Hadoop Configuration class analysis, hadooptext class
Configuration is a public class of five components in hadoop. Therefore, it is placed under the core, org. apache. hadoop. conf. Configruration. This class is the Configuration information class of the job. Configuration information for any function must be passed through Configuration, because Configuration can be used to share information between multiple mapper tasks and multiple CER tasks.
Class Diagram
Note: Configuration implements the Iterable and Writable interfaces. Iterable is implemented for iteration, and all name-value Key-value pairs loaded into the memory by the Configuration object are iterated. Writable is implemented to achieve the serialization required by the hadoop framework. The name-value in the memory can be serialized to the hard disk. I don't need to talk about the specific implementation of these two interfaces, think clearly. Next, we will analyze in detail how Configuration works, including the loading of Configuration files, how Configuration information is obtained and how Configuration information is loaded, and precautions during use. To study any class, we first start from the Constructor. Even if we use a single instance, the static factory cannot get objects without Constructor.
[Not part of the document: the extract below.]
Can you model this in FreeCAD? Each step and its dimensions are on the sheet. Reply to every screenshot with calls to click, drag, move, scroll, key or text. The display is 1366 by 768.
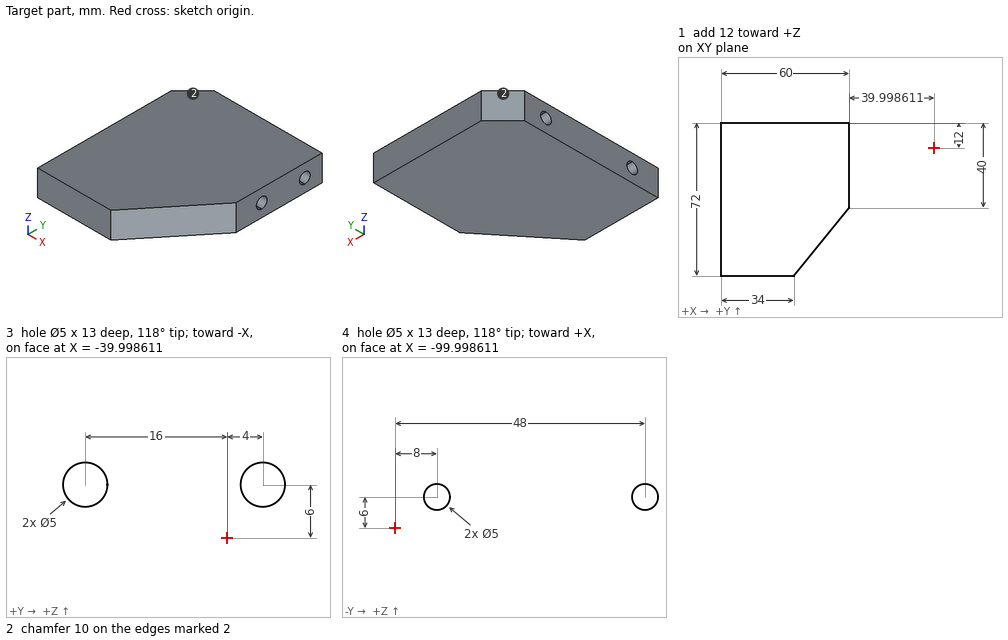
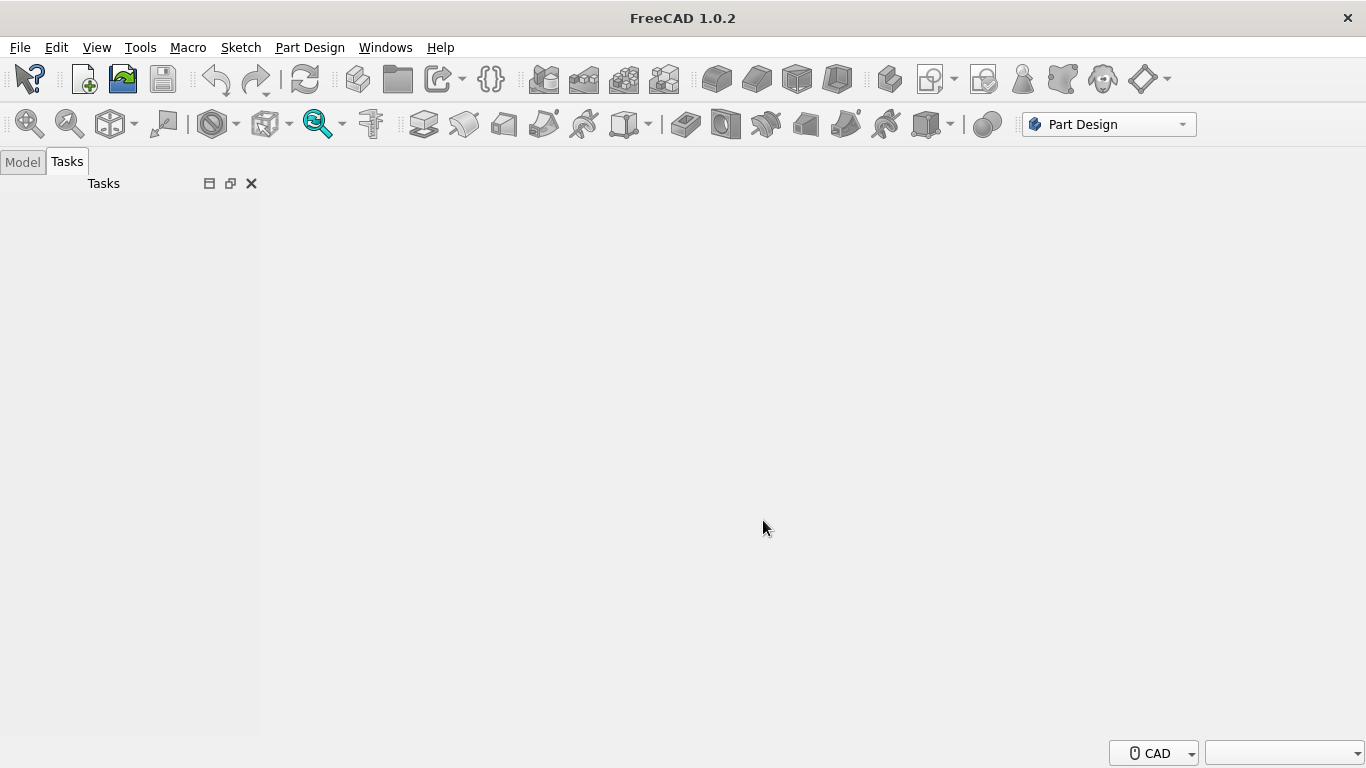
click(84, 80)

Configuration has three constructors.
public Configuration() { this(true); }/** A new configuration where the behavior of reading from the default * resources can be turned off. * * If the parameter {@code loadDefaults} is false, the new instance * will not load resources from the default files. * @param loadDefaults specifies whether to load from the default files */ public Configuration(boolean loadDefaults) { this.loadDefaults = loadDefaults; updatingResource = new HashMap<String, String>(); synchronized(Configuration.class) { REGISTRY.put(this, null); } }/** * A new configuration with the same settings cloned from another. * * @param other the configuration from which to clone settings. */ @SuppressWarnings("unchecked") public Configuration(Configuration other) { this.resources = (ArrayList) other.resources.clone(); synchronized (other) { if (other.properties != null) { this.properties = (Properties) other.properties.clone(); } if (other.overlay != null) { this.overlay = (Properties) other.overlay.clone(); } this.updatingResource = new HashMap<String, String>( other.updatingResource); } this.finalParameters = new HashSet<String>(other.finalParameters); synchronized (Configuration.class) { REGISTRY.put(this, null); } }
1, Configuration () 2, Configuration (boolean loadDefaults) 3, the first two constructors of Configuration (Configuraiont other) Use a typical overlapping Constructor mode, that is, the default Constructor without parameters will generate a Configuration object loaded with the default Configuration file, where Configuration (boolean loadDefaults) the parameter in is used to control whether the constructed object is loaded with the default configuration file or not. However, if I want to design it, I won't be so troublesome. I will use two static factory methods to identify objects of different properties -- getConfigruationWithDefault () and getConfiguration, in this way, developers can use it in a simple way. Isn't it a good way? Don't talk about this. When loadDefaults is false, the Configuration object will not load the Configuration file loaded through addDefaultResource (String resource) into the memory. However, the configuration file loaded by addResource (...) is loaded into the memory. How is it implemented? In the Constructor of Configuration, this. loadDefaults = loadDefaults is used to set whether to load the flag of the default Configuration file. After the Configuration object is constructed, getType (String name, Type default) is called) method to obtain the value corresponding to a name. Take getInt as an example. Let's take a look at the getInt () code getInt (String name, int defalutVale)
public int getInt(String name, int defaultValue) { String valueString = get(name); if (valueString == null) return defaultValue; try { String hexString = getHexDigits(valueString); if (hexString != null) { return Integer.parseInt(hexString, 16); } return Integer.parseInt(valueString); } catch (NumberFormatException e) { return defaultValue; } }
The first line of the method code String valueString = get (name); is the key, so let's take a look at the get (String name) method get (String name)
private synchronized Properties getProps() { if (properties == null) { properties = new Properties(); loadResources(properties, resources, quietmode); if (overlay!= null) { properties.putAll(overlay); for (Map.Entry<Object,Object> item: overlay.entrySet()) { updatingResource.put((String) item.getKey(), UNKNOWN_RESOURCE); } } } return properties; }
Here is something to talk about. The path of getInt --> get --> getProps is the path to be taken for any getType method call, but it is necessary to part with the getProps, the first time the getType method is used, the loadResources (properties, resources, quietmode) method is executed after the properties = null is determined. However, if properties is not null, subsequent code will not be executed. The following describes the loadResources (properties, resources, quietmode) method)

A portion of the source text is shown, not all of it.